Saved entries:
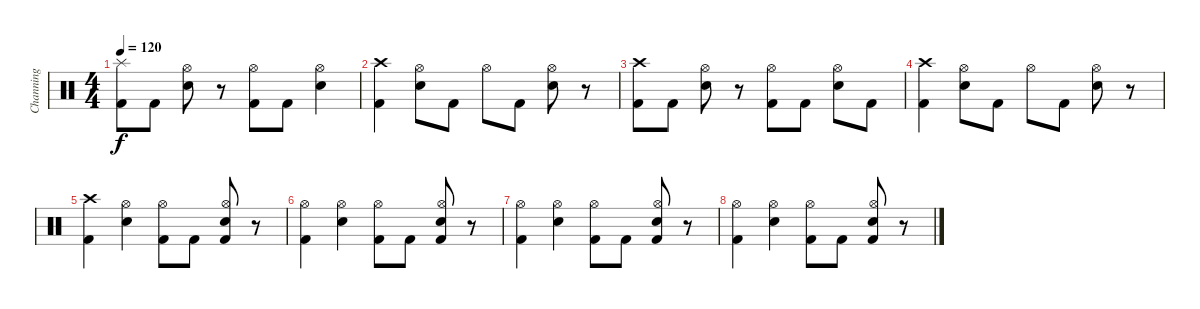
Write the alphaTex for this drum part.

\track ("Channing" "Channing") {instrument percussion}
\staff {score}
\articulation defaults
\ts (4 4)
\tempo 120
\clef neutral
\ks c
("Splash (hit)" "Kick (hit) 2").8{dy f} "Kick (hit) 2".8 ("Hi-Hat (open)" "Snare (hit) 2").8 r.8 ("Hi-Hat (open)" "Kick (hit) 2").8 "Kick (hit) 2".8 ("Hi-Hat (open)" "Snare (hit) 2").4 |
("Crash high (hit)" "Kick (hit) 2").4 ("Hi-Hat (open)" "Snare (hit) 2").8 "Kick (hit) 2".8 "Hi-Hat (open)".8 "Kick (hit) 2".8 ("Hi-Hat (open)" "Snare (hit) 2").8 r.8 |
("Crash high (hit)" "Kick (hit) 2").8 "Kick (hit) 2".8 ("Hi-Hat (open)" "Snare (hit) 2").8 r.8 ("Hi-Hat (open)" "Kick (hit) 2").8 "Kick (hit) 2".8 ("Hi-Hat (open)" "Snare (hit) 2").8 "Kick (hit) 2".8 |
("Crash high (hit)" "Kick (hit) 2").4 ("Hi-Hat (open)" "Snare (hit) 2").8 "Kick (hit) 2".8 "Hi-Hat (open)".8 "Kick (hit) 2".8 ("Hi-Hat (open)" "Snare (hit) 2").8 r.8 |
("Crash high (hit)" "Kick (hit) 2").4 ("Hi-Hat (open)" "Snare (hit) 2").4 ("Hi-Hat (open)" "Kick (hit) 2").8 "Kick (hit) 2".8 ("Hi-Hat (open)" "Snare (hit) 2" "Kick (hit) 2").8 r.8 |
("Hi-Hat (open)" "Kick (hit) 2").4 ("Hi-Hat (open)" "Snare (hit) 2").4 ("Hi-Hat (open)" "Kick (hit) 2").8 "Kick (hit) 2".8 ("Hi-Hat (open)" "Snare (hit) 2" "Kick (hit) 2").8 r.8 |
("Hi-Hat (open)" "Kick (hit) 2").4 ("Hi-Hat (open)" "Snare (hit) 2").4 ("Hi-Hat (open)" "Kick (hit) 2").8 "Kick (hit) 2".8 ("Hi-Hat (open)" "Snare (hit) 2" "Kick (hit) 2").8 r.8 |
("Hi-Hat (open)" "Kick (hit) 2").4 ("Hi-Hat (open)" "Snare (hit) 2").4 ("Hi-Hat (open)" "Kick (hit) 2").8 "Kick (hit) 2".8 ("Hi-Hat (open)" "Snare (hit) 2" "Kick (hit) 2").8 r.8

## ASSIGNMENT:
Output the records exactly, please. The pictures are not part of the copy.

## RESPONSE TO THIS TASK:
Write the alphaTex for this drum part.

\track ("Channing" "Channing") {instrument percussion}
\staff {score}
\articulation defaults
\ts (4 4)
\tempo 120
\clef neutral
\ks c
("Splash (hit)" "Kick (hit) 2").8{dy f} "Kick (hit) 2".8 ("Hi-Hat (open)" "Snare (hit) 2").8 r.8 ("Hi-Hat (open)" "Kick (hit) 2").8 "Kick (hit) 2".8 ("Hi-Hat (open)" "Snare (hit) 2").4 |
("Crash high (hit)" "Kick (hit) 2").4 ("Hi-Hat (open)" "Snare (hit) 2").8 "Kick (hit) 2".8 "Hi-Hat (open)".8 "Kick (hit) 2".8 ("Hi-Hat (open)" "Snare (hit) 2").8 r.8 |
("Crash high (hit)" "Kick (hit) 2").8 "Kick (hit) 2".8 ("Hi-Hat (open)" "Snare (hit) 2").8 r.8 ("Hi-Hat (open)" "Kick (hit) 2").8 "Kick (hit) 2".8 ("Hi-Hat (open)" "Snare (hit) 2").8 "Kick (hit) 2".8 |
("Crash high (hit)" "Kick (hit) 2").4 ("Hi-Hat (open)" "Snare (hit) 2").8 "Kick (hit) 2".8 "Hi-Hat (open)".8 "Kick (hit) 2".8 ("Hi-Hat (open)" "Snare (hit) 2").8 r.8 |
("Crash high (hit)" "Kick (hit) 2").4 ("Hi-Hat (open)" "Snare (hit) 2").4 ("Hi-Hat (open)" "Kick (hit) 2").8 "Kick (hit) 2".8 ("Hi-Hat (open)" "Snare (hit) 2" "Kick (hit) 2").8 r.8 |
("Hi-Hat (open)" "Kick (hit) 2").4 ("Hi-Hat (open)" "Snare (hit) 2").4 ("Hi-Hat (open)" "Kick (hit) 2").8 "Kick (hit) 2".8 ("Hi-Hat (open)" "Snare (hit) 2" "Kick (hit) 2").8 r.8 |
("Hi-Hat (open)" "Kick (hit) 2").4 ("Hi-Hat (open)" "Snare (hit) 2").4 ("Hi-Hat (open)" "Kick (hit) 2").8 "Kick (hit) 2".8 ("Hi-Hat (open)" "Snare (hit) 2" "Kick (hit) 2").8 r.8 |
("Hi-Hat (open)" "Kick (hit) 2").4 ("Hi-Hat (open)" "Snare (hit) 2").4 ("Hi-Hat (open)" "Kick (hit) 2").8 "Kick (hit) 2".8 ("Hi-Hat (open)" "Snare (hit) 2" "Kick (hit) 2").8 r.8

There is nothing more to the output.